Record keeping: in both instances you should immediately begin keeping detailed and accurate records of income and expenditure, for which you have become responsible for reporting. Get into the habit of noting down all your expenses as they occur rather than waiting until you have to complete your tax returns to try and remember what you spent. HMRC’s website area on starting a business (https://www.gov.uk/working-for-yourself/overview) provides detailed guidance on what expenses are allowable deductions from your income to determine the amount of tax you will pay. Whether you complete your self-assessment yourself, or pay a professional (accountant or bookkeeper) HMRC require you to keep records for up to 6 years of expenses and proof that you incurred them.

You’ll also have to register for VAT if your turnover exceeds the prevailing level HMRC set for compulsory registration – £83000 per annum for 2016.

Budget Planning: Your financial patterns are about to change from what you’ve always known as the norm. In order to receive income you need to issue invoices, which are not always paid as quickly as you’d like. I’ve known editors ‘buy’ an article for an agreed fee, but not pay for it until the piece is published. For example, a travel article may not be used until it’s the appropriate season to have a special edition focused on the destination your work relates to.

Planning to meet your existing financial commitments starts with recognising what those commitments are. I’m no longer surprised by how many people in my starting your own business workshops have no idea of their total regular outgoings. Some of these are fixed obligations (eg. mortgage or rent, council tax, utilities, insurances, any contracts such as broadband supply or mobile phone) and some will be more discretionary (groceries, entertainment, leisure activities and holidays amongst others).

It’s always a good exercise to complete this analysis anyway. It’s absolutely essential when starting a business. Knowing what money you NEED to have to cover your expenditure helps identify where that money will come from in the early days, as well as areas where you might adjust your spending.

Then add in the costs you are going to incur in carrying out your work – travel, subsistence, equipment, insurances (see below) professional membership subscriptions and so on.

In general, when starting your business you should have sufficient funds available at outset to cover at least six months of your regular household and business expenses.

Your budget planning will run hand in hand with your marketing plan. You should begin to work out what revenue you need to generate – and from where – for the work you do. You’ll probably know which organisations more regularly use freelancers. You’ll also know the (seemingly ever decreasing) going rates for different types of media. Whilst this document doesn’t address marketing ideas, developing a plan of potential sources of income brings focus to your marketing effort that will shape your financial planning too.

Insurance: Whilst public liability insurance is not compulsory, it is eminently sensible to have. If in the course of your work you cause some sort of problem for which the party affected is awarded compensation it could radically affect you and your loved ones if you don’t have appropriate insurance cover. Similarly, Professional Indemnity insurance is advisable, in case, for example, you infringe another’s copyright (even inadvertently) or write or say something deemed to be libellous or slanderous. Be aware though that most providers of such insurance will not provide such cover for anyone whose business interests include journalism, considering the risk too high. There are specialists who will cover journalists though.

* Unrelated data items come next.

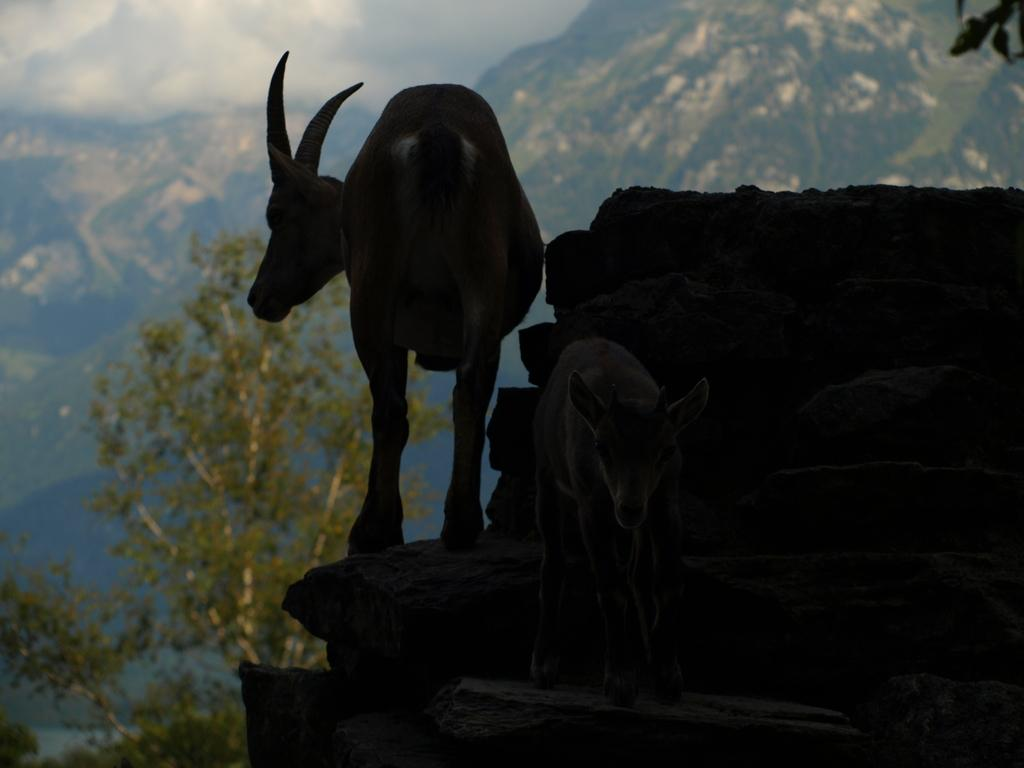What can be found in the center of the image? There are two animals in the center of the image. What is located on the right side of the image? There is a wall on the right side of the image. What can be seen in the background of the image? There are mountains and trees in the background of the image. What is visible at the top of the image? The sky is visible at the top of the image, and clouds are present in the sky. How many snails are crawling on the seashore in the image? There is no seashore or snails present in the image. What type of deer can be seen grazing near the wall in the image? There are no deer present in the image; it features two animals, but their species is not specified. 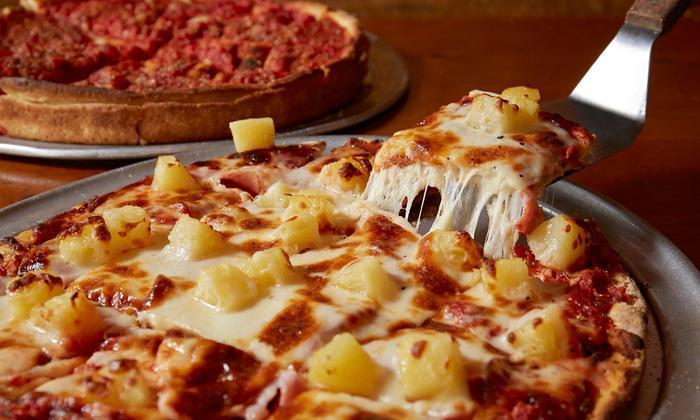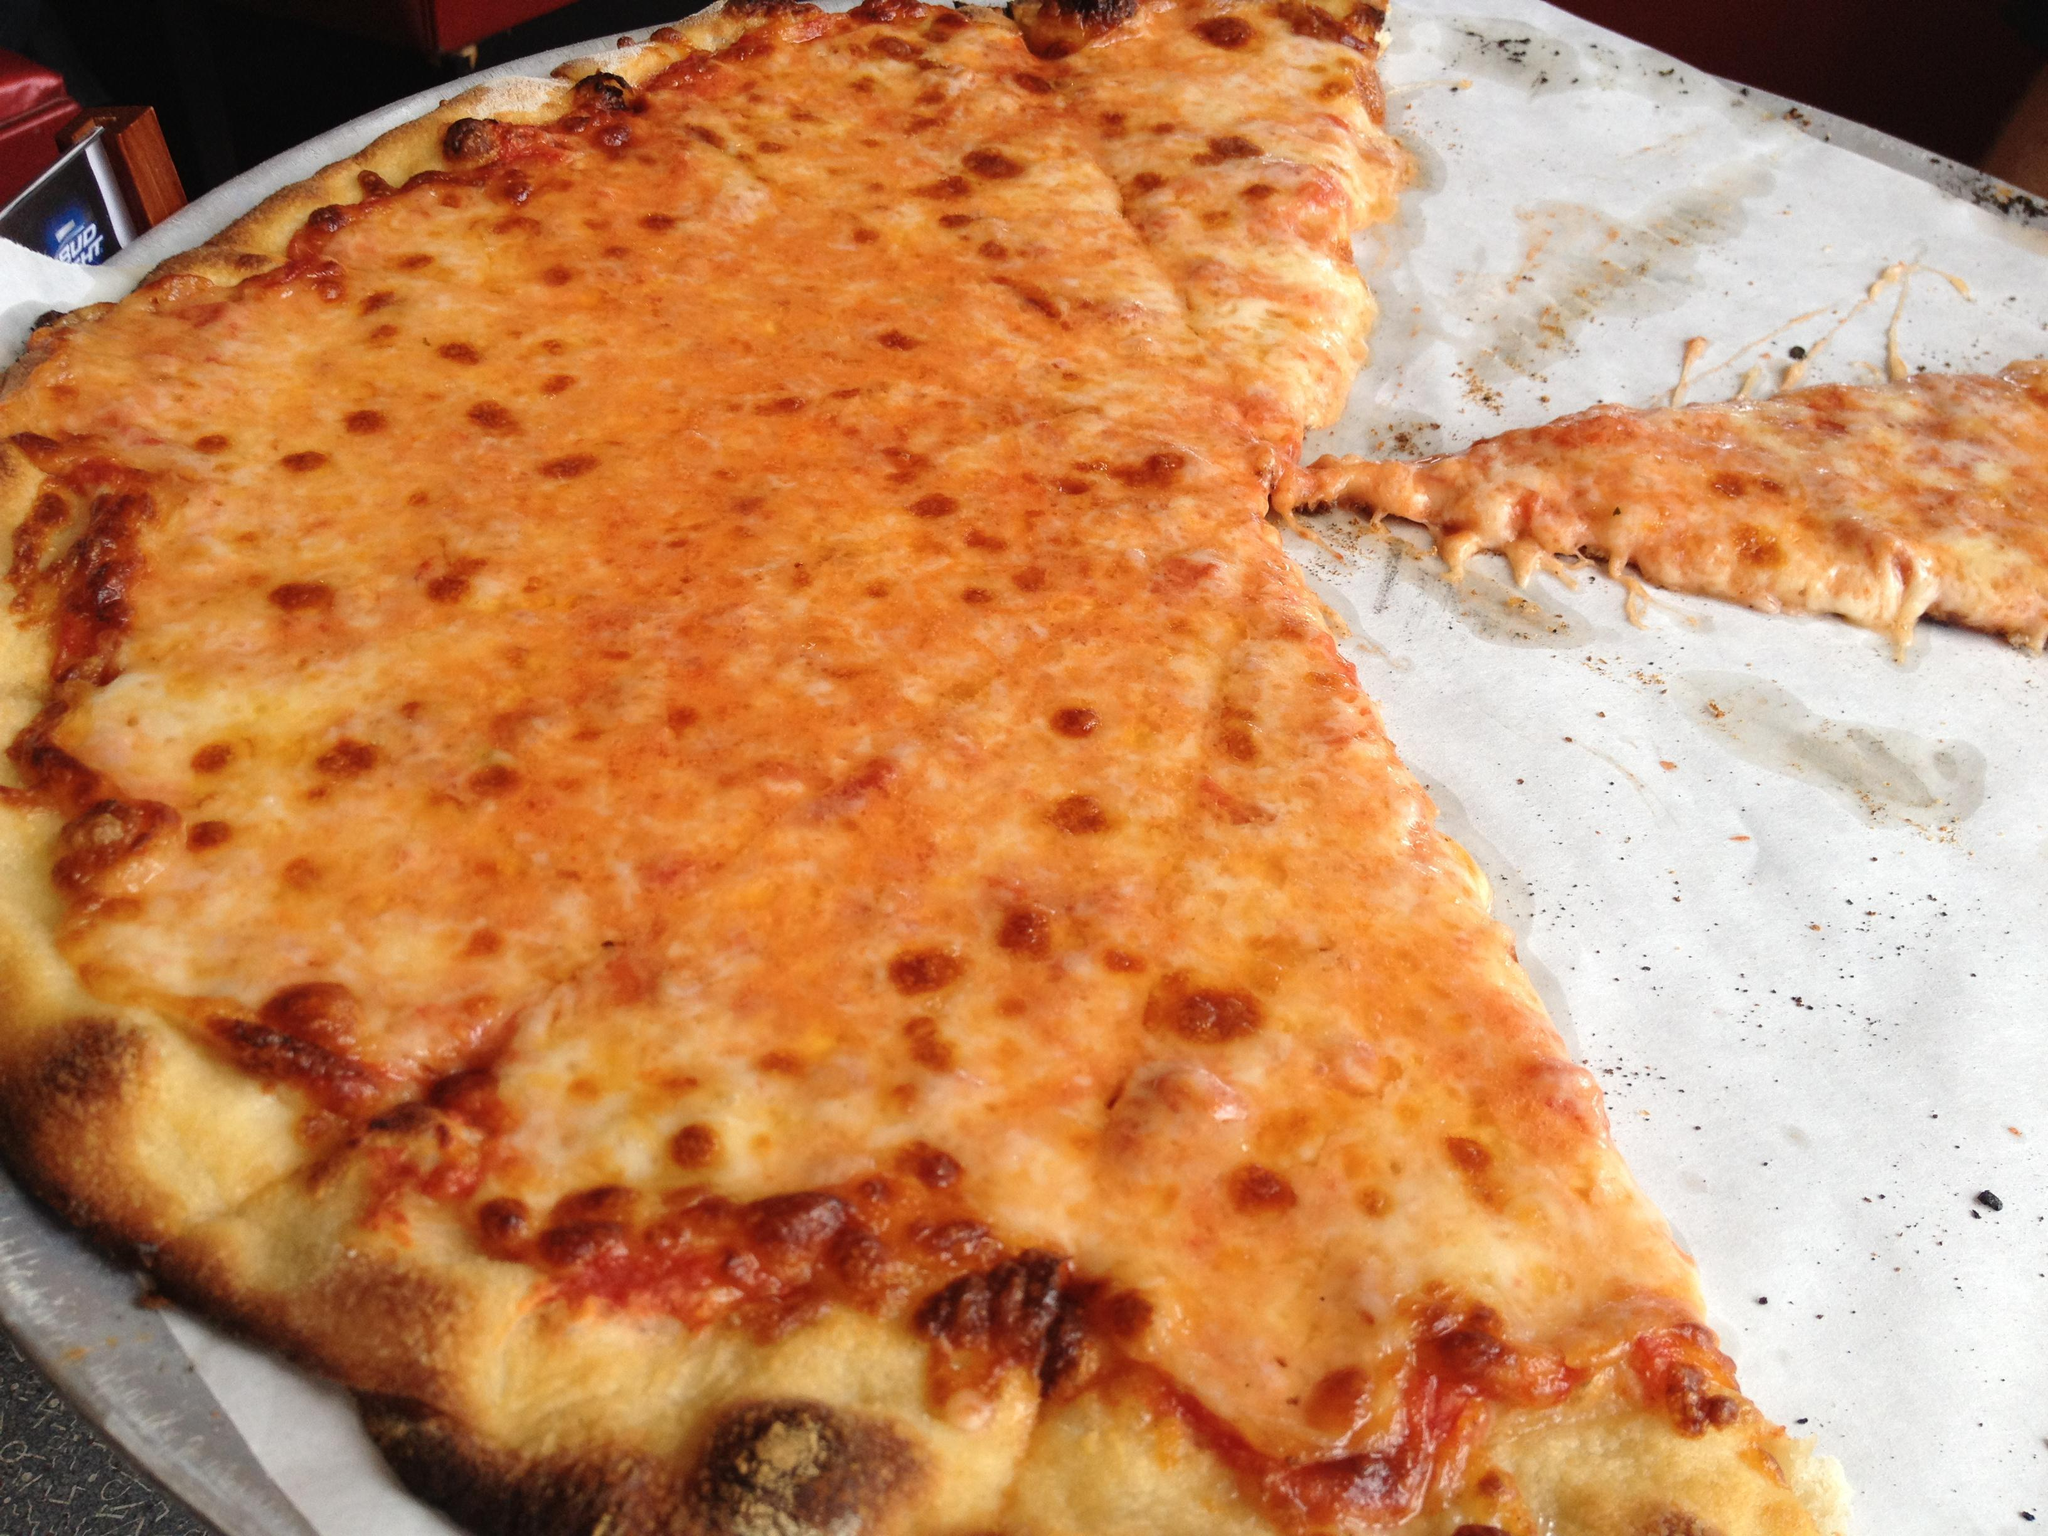The first image is the image on the left, the second image is the image on the right. Analyze the images presented: Is the assertion "The left and right image contains the same number of pizzas with at least on sitting on paper." valid? Answer yes or no. No. The first image is the image on the left, the second image is the image on the right. Analyze the images presented: Is the assertion "The left image shows a tool with a handle and a flat metal part being applied to a round pizza." valid? Answer yes or no. Yes. 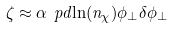<formula> <loc_0><loc_0><loc_500><loc_500>\zeta \approx \alpha \ p d { \ln ( n _ { \chi } ) } { \phi _ { \perp } } \delta \phi _ { \perp }</formula> 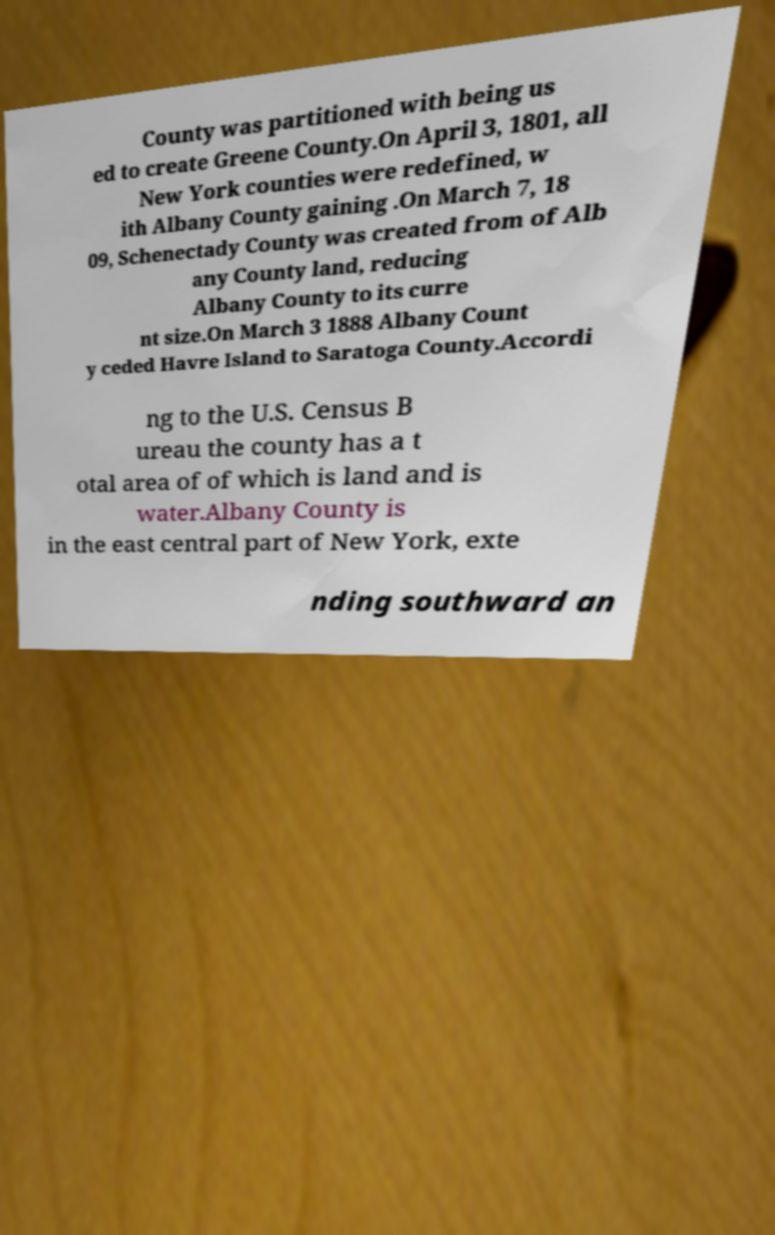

If you have any employees, including casual workers or temporary staff, you’re required by law to take out employers’ liability insurance, currently to a minimum level of £5million. It covers claims from employees who’ve been injured or become seriously ill as a result of working for you.

Tax and National Insurance

When you were employed your tax and NI were accounted for you by your employer each time you got paid. Now that you run a business, everything has changed…

Self employed: Although in general you’ll pay tax twice yearly, usually in July and the following January in relation to each tax year, your first tax bill as a self-employed individual could be a very long time after you register as self employed, and could seem surprisingly high.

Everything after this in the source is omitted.